Valerie Angeli, a neighbor who was with Ms. Barron when she was attacked, has set up a Web site, www.FriendsofSusanB.com. Early in Ms. Barron’s hospital stay, she fretted that her patients would be upset by news pictures of the knives, Ms. Angeli said. She asked after the Jersey City firefighters who saw the attack and pressed aprons — snatched from the same restaurant where the knives had been taken — around the wounds that were pulsing with blood.
“You’re always thinking about other people,” Ms. Angeli told Ms. Barron this week.
“Sometimes I think about other people,” Ms. Barron corrected. “But I always think about myself.”

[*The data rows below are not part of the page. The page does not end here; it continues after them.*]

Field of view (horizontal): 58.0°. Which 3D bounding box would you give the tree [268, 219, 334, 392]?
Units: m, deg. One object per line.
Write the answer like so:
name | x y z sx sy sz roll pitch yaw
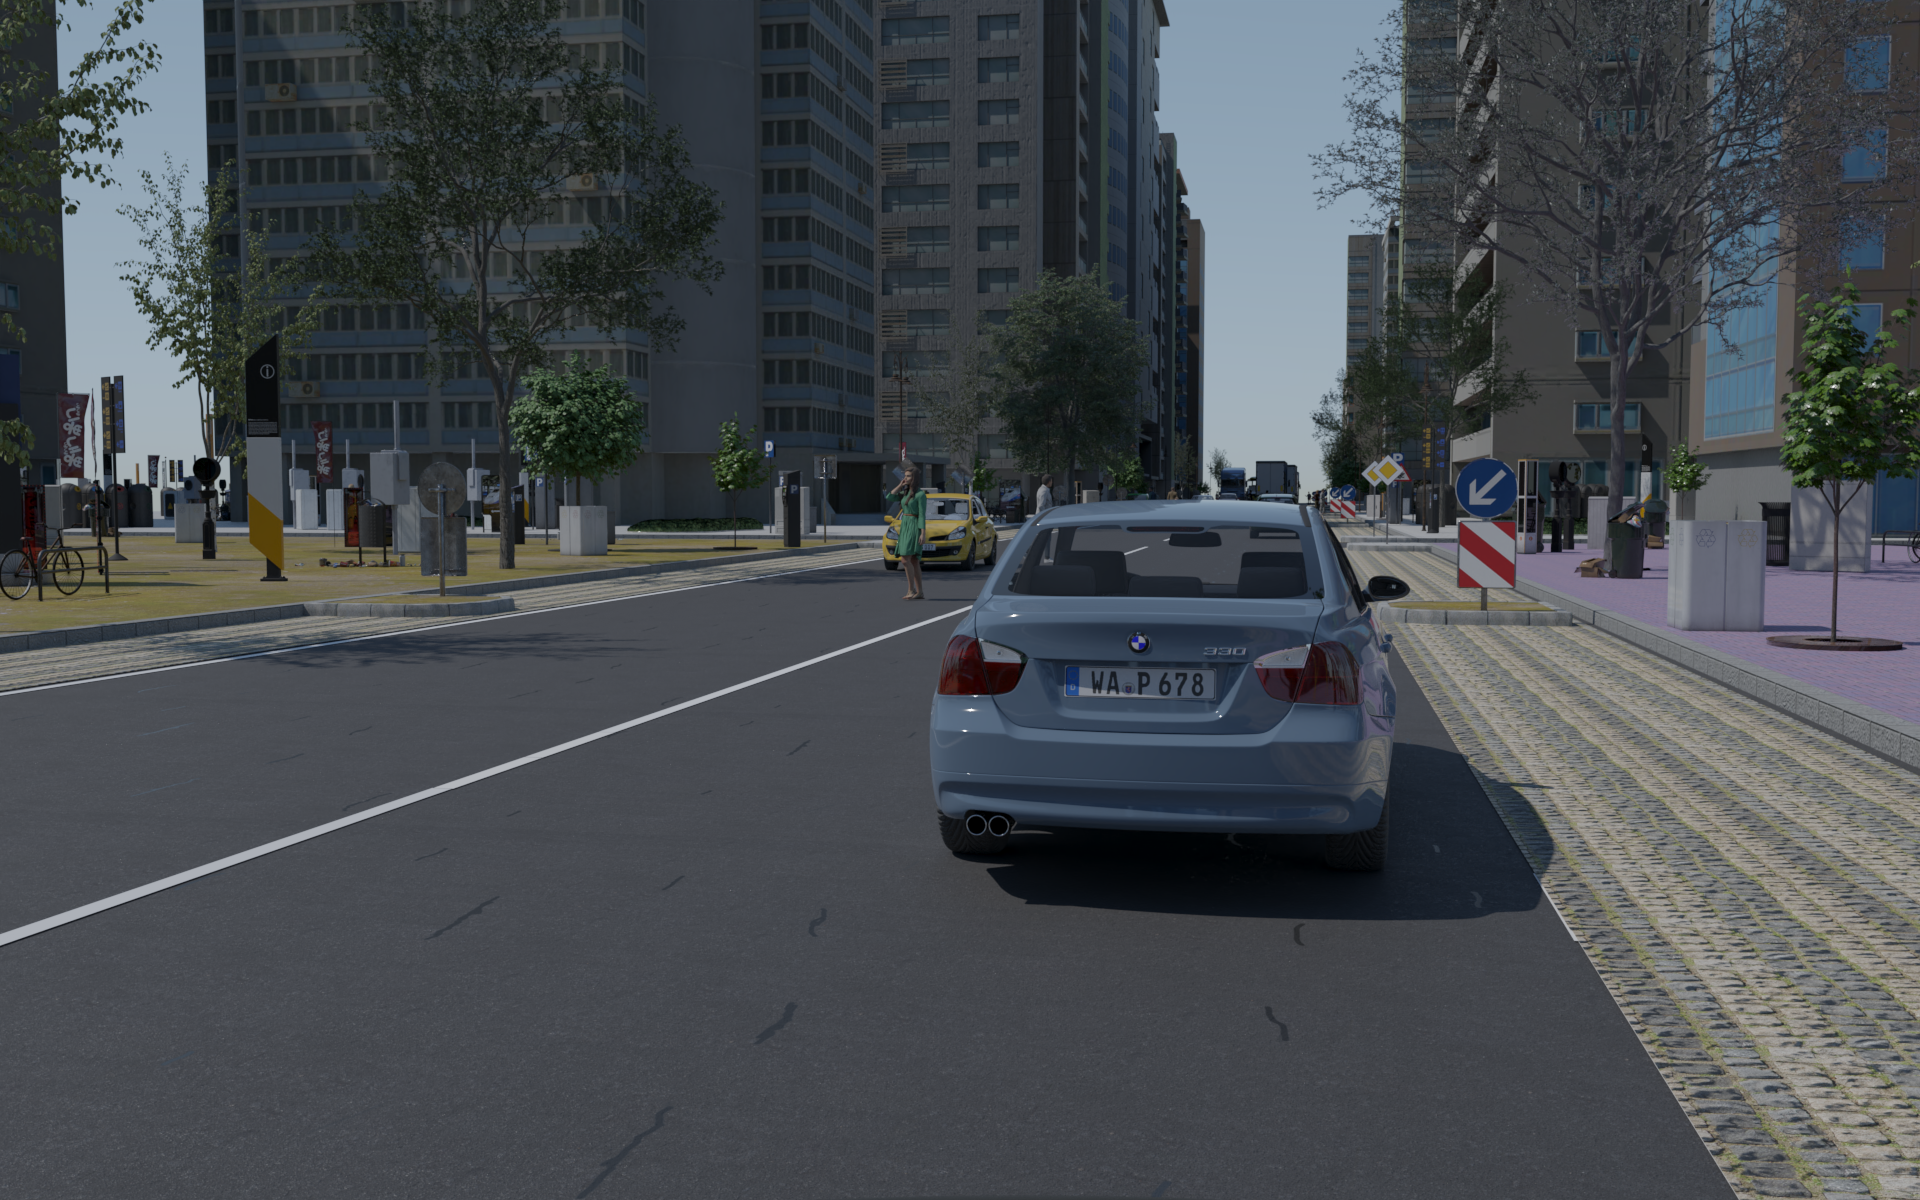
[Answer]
tree | -16.253 -5.357 37.943 4.737 8.622 4.395 0 3 0

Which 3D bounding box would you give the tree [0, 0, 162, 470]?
tree | -9.825 -4.000 15.762 4.737 8.622 4.395 0 3 0

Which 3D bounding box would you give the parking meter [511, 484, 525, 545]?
parking meter | -11.270 -2.181 44.072 0.372 1.533 0.369 0 3 0

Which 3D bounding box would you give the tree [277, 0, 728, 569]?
tree | -7.665 -5.832 29.766 8.767 10.594 7.601 1 4 15

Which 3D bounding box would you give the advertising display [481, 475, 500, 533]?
advertising display | -15.436 -3.209 57.682 0.974 1.923 0.123 -1 4 -23

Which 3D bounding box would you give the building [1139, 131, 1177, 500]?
building | 16.351 -31.079 191.733 14.154 41.232 14.086 1 4 11

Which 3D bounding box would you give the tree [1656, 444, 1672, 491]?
tree | 24.080 -3.854 57.621 1.663 3.219 1.824 0 3 0

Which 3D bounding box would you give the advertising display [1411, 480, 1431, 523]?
advertising display | 20.538 -4.399 77.134 0.974 1.923 0.123 -2 4 -24

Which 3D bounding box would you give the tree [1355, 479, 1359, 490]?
tree | 27.477 -7.509 117.371 1.663 3.219 1.824 0 3 0

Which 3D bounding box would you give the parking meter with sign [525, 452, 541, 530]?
parking meter with sign | -15.073 -4.082 63.001 0.543 3.016 1.738 1 4 20

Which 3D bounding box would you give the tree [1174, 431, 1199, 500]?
tree | 25.971 -15.410 202.311 4.360 8.622 3.978 0 3 0

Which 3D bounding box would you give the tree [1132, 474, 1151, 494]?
tree | 14.798 -8.971 141.275 1.663 3.219 1.824 0 3 0

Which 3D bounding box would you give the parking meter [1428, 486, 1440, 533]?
parking meter | 15.663 -2.988 57.266 0.372 1.533 0.369 0 3 0

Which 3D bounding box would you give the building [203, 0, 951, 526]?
building | -17.321 -23.754 80.257 32.217 40.220 23.993 1 4 11

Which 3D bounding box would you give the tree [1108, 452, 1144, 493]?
tree | 11.857 -8.673 125.509 4.285 4.588 4.351 0 3 0

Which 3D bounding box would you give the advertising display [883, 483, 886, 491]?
advertising display | -4.190 -5.921 102.024 0.974 1.923 0.123 0 4 4

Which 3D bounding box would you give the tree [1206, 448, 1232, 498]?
tree | 42.755 -20.340 282.913 4.737 8.622 4.395 0 3 0

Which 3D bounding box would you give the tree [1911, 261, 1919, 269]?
tree | 21.830 -5.202 35.408 4.737 8.622 4.395 0 3 0

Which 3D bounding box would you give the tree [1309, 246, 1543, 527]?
tree | 18.257 -8.060 66.186 7.601 10.594 8.767 -3 4 -37

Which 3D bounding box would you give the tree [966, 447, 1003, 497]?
tree | 0.659 -4.625 70.221 1.663 3.219 1.824 0 3 0

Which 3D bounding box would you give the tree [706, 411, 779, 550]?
tree | -5.215 -2.775 39.976 1.663 3.219 1.824 0 3 0

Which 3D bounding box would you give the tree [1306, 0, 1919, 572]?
tree | 11.028 -7.234 28.650 12.009 13.543 11.850 0 3 0

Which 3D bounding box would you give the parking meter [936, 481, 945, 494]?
parking meter | -0.896 -4.468 78.766 0.399 1.863 0.255 1 4 18

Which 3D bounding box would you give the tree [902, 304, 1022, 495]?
tree | 0.187 -7.114 66.675 4.360 8.622 3.978 0 3 0

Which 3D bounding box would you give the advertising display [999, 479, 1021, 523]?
advertising display | 2.186 -4.306 75.625 0.974 1.923 0.123 -1 4 -15

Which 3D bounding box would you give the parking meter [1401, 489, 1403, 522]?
parking meter | 20.539 -4.442 81.044 0.372 1.533 0.369 0 3 0

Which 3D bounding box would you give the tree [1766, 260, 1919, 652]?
tree | 7.273 -1.212 14.422 1.663 3.219 1.824 0 3 0

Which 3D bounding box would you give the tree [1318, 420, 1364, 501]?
tree | 38.047 -13.524 171.477 4.737 8.622 4.395 0 3 0

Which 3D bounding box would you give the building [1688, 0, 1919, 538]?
building | 32.351 -24.723 54.330 14.200 45.320 14.600 1 4 11

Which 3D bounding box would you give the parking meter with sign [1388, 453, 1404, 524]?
parking meter with sign | 18.587 -4.756 74.024 0.543 3.016 1.738 0 4 8

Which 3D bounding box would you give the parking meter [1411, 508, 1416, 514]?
parking meter | 29.007 -6.409 110.504 0.255 1.863 0.399 3 5 45

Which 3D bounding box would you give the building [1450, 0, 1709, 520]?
building | 35.001 -27.922 80.233 21.300 48.544 21.600 1 4 11

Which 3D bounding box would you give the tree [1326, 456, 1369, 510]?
tree | 32.652 -9.798 143.908 4.285 4.588 4.351 0 3 0

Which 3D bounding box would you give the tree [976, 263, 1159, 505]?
tree | 5.986 -11.525 95.085 9.857 13.997 8.962 0 3 0

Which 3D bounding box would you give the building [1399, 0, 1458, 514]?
building | 36.645 -26.463 116.259 14.154 41.232 14.086 1 4 11

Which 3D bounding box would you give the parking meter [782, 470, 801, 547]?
parking meter | -4.063 -2.204 41.746 0.399 1.863 0.255 -2 4 -31

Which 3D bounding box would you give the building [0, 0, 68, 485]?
building | -55.989 -27.640 75.620 21.600 48.544 21.300 1 4 11

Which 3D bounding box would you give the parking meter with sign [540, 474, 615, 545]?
parking meter with sign | -9.650 -2.914 43.898 1.738 3.016 0.543 -1 4 -22

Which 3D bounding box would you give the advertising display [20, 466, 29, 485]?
advertising display | -17.468 -1.623 31.757 0.123 1.923 0.974 1 4 13

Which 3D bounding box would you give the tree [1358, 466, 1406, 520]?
tree | 21.381 -5.648 86.948 1.663 3.219 1.824 0 3 0

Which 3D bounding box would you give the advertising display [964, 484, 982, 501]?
advertising display | 0.572 -4.286 75.287 0.974 1.923 0.123 3 5 44

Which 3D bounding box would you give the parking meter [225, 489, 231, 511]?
parking meter | -39.673 -5.232 93.956 0.372 1.533 0.369 0 3 0

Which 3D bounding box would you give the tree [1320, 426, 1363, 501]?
tree | 39.620 -14.072 180.444 4.360 8.622 3.978 0 3 0

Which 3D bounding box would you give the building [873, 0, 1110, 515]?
building | 1.898 -26.204 112.033 14.154 41.232 14.086 1 4 11

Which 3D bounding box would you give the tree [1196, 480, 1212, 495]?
tree | 31.626 -14.240 227.420 1.663 3.219 1.824 0 3 0

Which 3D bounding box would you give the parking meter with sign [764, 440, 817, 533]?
parking meter with sign | -5.537 -3.711 56.933 1.738 3.016 0.543 -3 5 -39

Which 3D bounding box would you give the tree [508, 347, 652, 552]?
tree | -8.623 -3.388 39.115 4.285 4.588 4.351 0 3 0

Her determination, she says, is a matter of temperament, as much as professional training. “Part of wanting to stay alive is I want to do more,” Ms. Barron said. “I love being alive. I wanted very much to stay alive. I didn’t think I would. What my training taught me is that I have to talk about this, that it’s the only way you can heal from anything.”
Once a day, maybe, she cries for five minutes. “Then I say, ‘I have to make this phone call,’ ‘I have to get someone to write this thank-you,’” she said.
She misses her patients. She ran a support group for the parents of blind children all over the country, which met by teleconference. “One night,” she said, “I couldn’t take it anymore. I had to call in.”
Won’t the complaints of her therapy patients seem trivial? “Why make a comparison?” she said. “Yes, I feel what happened to me is pretty terrible. People can complain about the smallest things, but that is their pain. Hopefully, they will never have something terrible happen to give them context.”